Entreprises de BTP

LafargeHolcim va recruter une nouvelle directrice financière

Mots clés : Produits et matériaux

Le géant franco-suisse des matériaux de construction a annoncé ce lundi la nomination de Géraldine Picaud, qui entrera en fonction en février 2018.

Elle va devenir l’une des rares femmes à prendre la direction financière d’un groupe du CAC40, en l’occurence LafargeHolcim. Géraldine Picaud va en effet succède à Ron Wirahadiraksa au poste de directrice financière, a annoncé ce lundi le géant franco-suisse. Cette nomination prendra effet à partir du 1er février 2018.
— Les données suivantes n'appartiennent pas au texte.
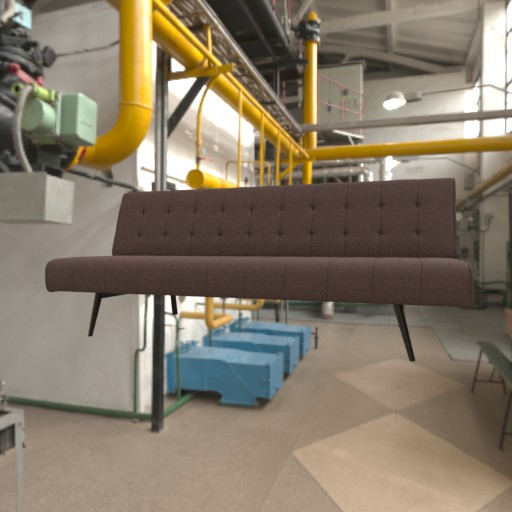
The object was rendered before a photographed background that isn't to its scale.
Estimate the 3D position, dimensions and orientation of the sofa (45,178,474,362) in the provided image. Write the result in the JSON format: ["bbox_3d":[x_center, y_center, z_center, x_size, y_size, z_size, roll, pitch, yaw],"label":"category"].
[{"bbox_3d":[0.000,0.000,2.022,1.703,0.699,0.747,0,1,19],"label":"sofa"}]
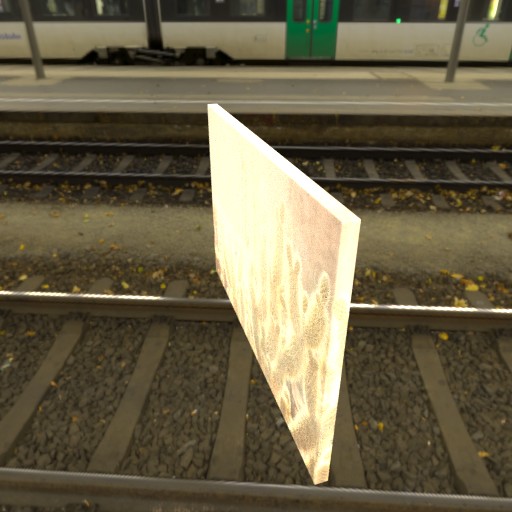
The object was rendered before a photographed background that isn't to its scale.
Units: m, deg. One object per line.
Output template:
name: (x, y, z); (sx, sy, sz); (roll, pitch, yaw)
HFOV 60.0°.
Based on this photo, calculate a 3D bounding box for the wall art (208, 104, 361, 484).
wall art: (0.000, 0.000, 1.455); (0.041, 0.758, 1.142); (-9, 31, -15)
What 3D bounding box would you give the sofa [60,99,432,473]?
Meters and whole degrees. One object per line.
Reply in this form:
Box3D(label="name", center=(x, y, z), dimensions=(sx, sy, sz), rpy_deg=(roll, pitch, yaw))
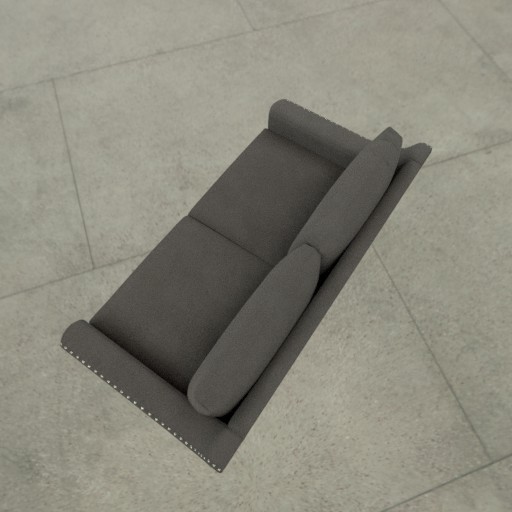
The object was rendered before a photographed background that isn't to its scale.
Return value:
Box3D(label="sofa", center=(0.000, 0.000, 3.210), dimensions=(1.336, 1.196, 2.550), rpy_deg=(32, 67, 15))
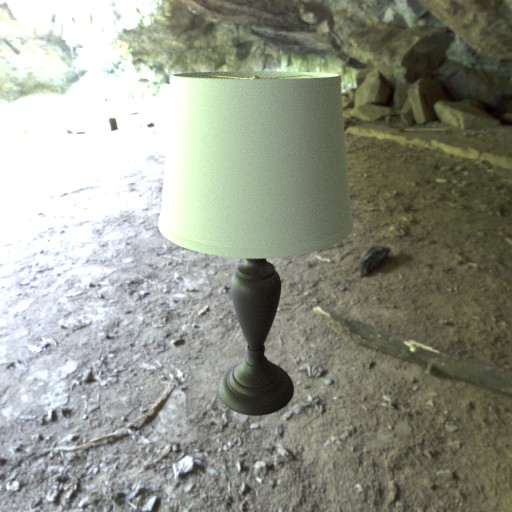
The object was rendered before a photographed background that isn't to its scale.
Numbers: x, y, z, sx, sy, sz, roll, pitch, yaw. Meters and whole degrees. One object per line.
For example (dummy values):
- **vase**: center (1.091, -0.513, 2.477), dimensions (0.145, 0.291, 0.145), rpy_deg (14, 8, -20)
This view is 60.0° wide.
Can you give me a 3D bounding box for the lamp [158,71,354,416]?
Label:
- **lamp**: center (0.000, 0.000, 0.805), dimensions (0.335, 0.611, 0.335), rpy_deg (0, 25, 0)
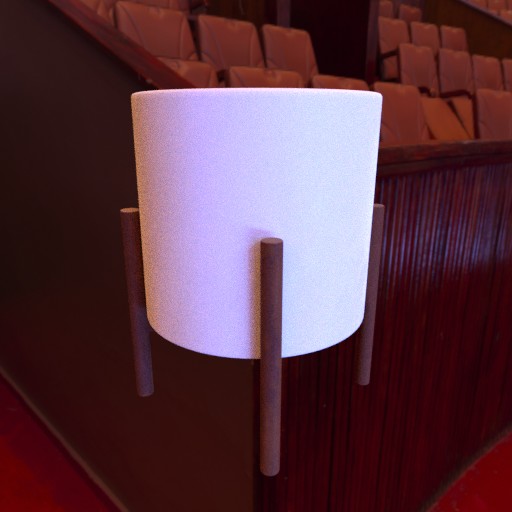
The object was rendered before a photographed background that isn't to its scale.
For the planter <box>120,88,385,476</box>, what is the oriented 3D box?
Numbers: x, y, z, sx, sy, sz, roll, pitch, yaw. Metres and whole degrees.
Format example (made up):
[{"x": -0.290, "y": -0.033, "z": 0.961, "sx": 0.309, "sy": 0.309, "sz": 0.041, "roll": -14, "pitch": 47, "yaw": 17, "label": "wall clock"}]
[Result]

De nationalité française, Géraldine Picaud occupait depuis 2011 le poste de directrice financière d’Essilor, le numéro un mondial des verres ophtalmiques. Avant de rejoindre Essilor, elle travaillait pour le groupe ED&F Man à Winterthur en Suisse, un négoce international spécialisé dans les matières premières, après avoir passé 13 ans en tant que Directrice financière de Safic Alcan, un distributeur de produits chimiques. « Elle est reconnue pour avoir obtenu des résultats et des restructurations dans des environnements et marchés mondiaux complexes, ce qui en fait la personne idéale pour rejoindre notre équipe dirigeante et aborder la prochaine étape de notre croissance », s’est félicité Jan Jenisch, le nouveau directeur général de LafargeHoclim. Cette décision intervient cinq semaines après le départ d’Eric Olsen qui avait démissionné pour apaiser les tensions autour du dossier sur la Syrie.

 

Repositionnement du groupe

 

« A notre avis, la nomination d’une nouvelle directrice est une indication claire que le nouveau directeur général a commencé à mettre en place une équipe compétente autour de lui pour repositionner l’entreprise », a réagi dans une note Bernd Pomrehn, analyste chez Vontobel.  Cette décision intervient cinq semaines seulement après l’entrée en fonction de Jan Jenisch, un patron qui s’est bâti une solide réputation auprès des investisseurs en Suisse lors de ses années aux commandes de Sika. 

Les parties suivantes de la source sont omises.